----- THE DATA -----
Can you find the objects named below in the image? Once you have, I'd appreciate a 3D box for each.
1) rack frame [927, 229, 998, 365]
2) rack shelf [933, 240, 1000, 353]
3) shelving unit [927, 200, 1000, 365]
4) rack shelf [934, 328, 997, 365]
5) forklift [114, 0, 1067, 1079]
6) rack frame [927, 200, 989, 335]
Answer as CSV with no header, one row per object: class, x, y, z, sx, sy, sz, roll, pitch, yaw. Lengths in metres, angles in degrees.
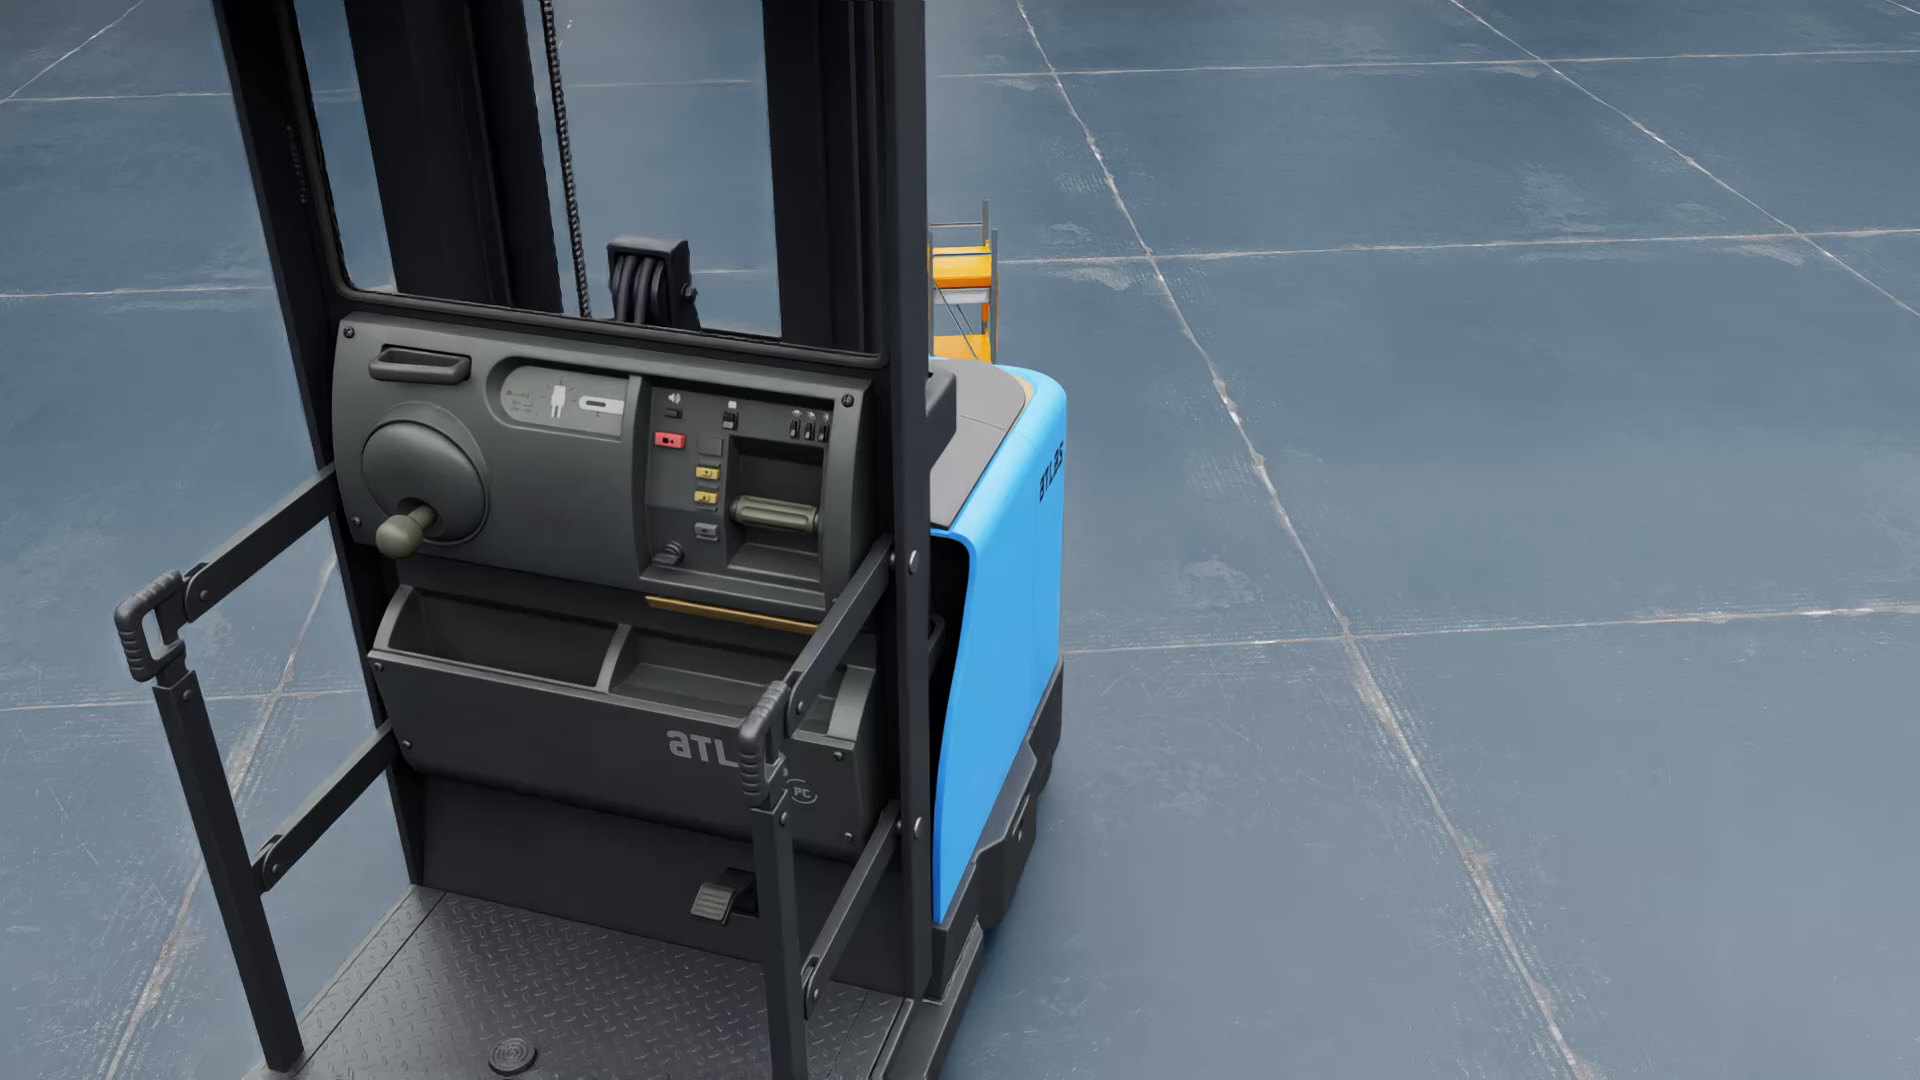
rack frame,0.006,-0.416,4.922,0.200,1.050,0.008,-3,31,-5
rack shelf,-0.005,-0.713,4.886,0.215,0.259,0.240,-3,31,-5
shelving unit,-0.005,-0.478,5.027,0.215,1.050,0.252,-3,31,-5
rack shelf,-0.005,-0.469,5.032,0.215,0.259,0.240,-3,31,-5
forklift,-0.660,-0.072,2.512,1.130,2.935,3.031,9,32,15
rack frame,-0.016,-0.540,5.131,0.200,1.050,0.008,-3,31,-5
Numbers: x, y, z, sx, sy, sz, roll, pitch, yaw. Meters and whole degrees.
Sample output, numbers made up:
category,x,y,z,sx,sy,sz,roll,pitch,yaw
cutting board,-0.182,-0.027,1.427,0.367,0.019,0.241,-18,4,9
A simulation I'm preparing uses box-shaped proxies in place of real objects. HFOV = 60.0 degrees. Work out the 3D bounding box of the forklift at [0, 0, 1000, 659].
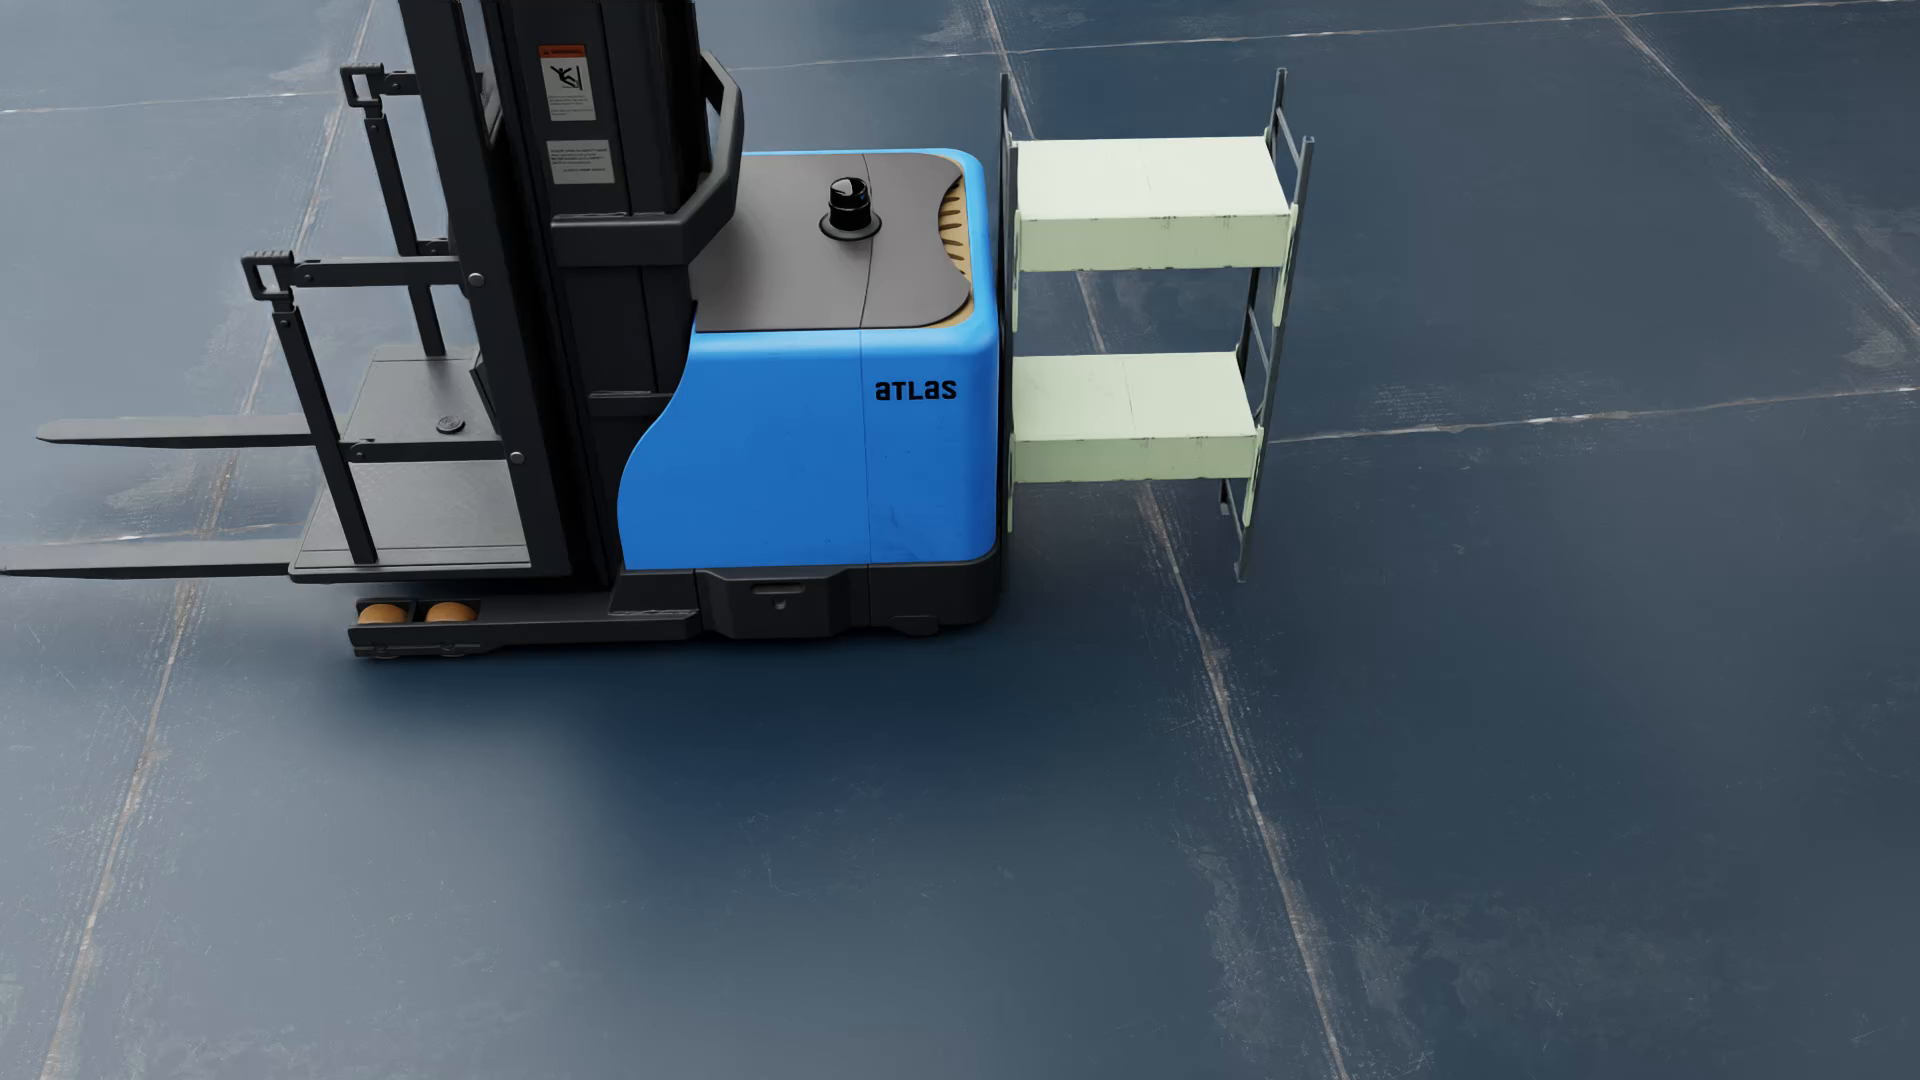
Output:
category,x,y,z,sx,sy,sz,roll,pitch,yaw
forklift,-1.415,-1.103,4.285,3.031,2.935,1.130,-1,42,-2

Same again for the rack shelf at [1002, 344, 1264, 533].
category,x,y,z,sx,sy,sz,roll,pitch,yaw
rack shelf,0.491,-0.306,4.956,0.720,0.370,0.431,-1,42,-2

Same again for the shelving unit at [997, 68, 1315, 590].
category,x,y,z,sx,sy,sz,roll,pitch,yaw
shelving unit,0.491,-0.548,4.737,0.755,1.500,0.431,-1,42,-2

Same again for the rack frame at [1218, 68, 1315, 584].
-----
| INSTRUCTIONS TO FOLLOW |
Reproduce the data above exactly, but only the lines from the one showing "Answer as CSV" through the one showing "Numbers: x, y, z, sx, sy, sz, roll, pitch, yaw.", with both ends kept and the pictures left out.

| WRITTEN RESPONSE |
Answer as CSV with no header, one row per object: class, x, y, z, sx, sy, sz, roll, pitch, yaw. Lengths in metres, angles in degrees.
rack frame,0.006,-0.416,4.922,0.200,1.050,0.008,-3,31,-5
rack shelf,-0.005,-0.713,4.886,0.215,0.259,0.240,-3,31,-5
shelving unit,-0.005,-0.478,5.027,0.215,1.050,0.252,-3,31,-5
rack shelf,-0.005,-0.469,5.032,0.215,0.259,0.240,-3,31,-5
forklift,-0.660,-0.072,2.512,1.130,2.935,3.031,9,32,15
rack frame,-0.016,-0.540,5.131,0.200,1.050,0.008,-3,31,-5
Numbers: x, y, z, sx, sy, sz, roll, pitch, yaw. Meters and whole degrees.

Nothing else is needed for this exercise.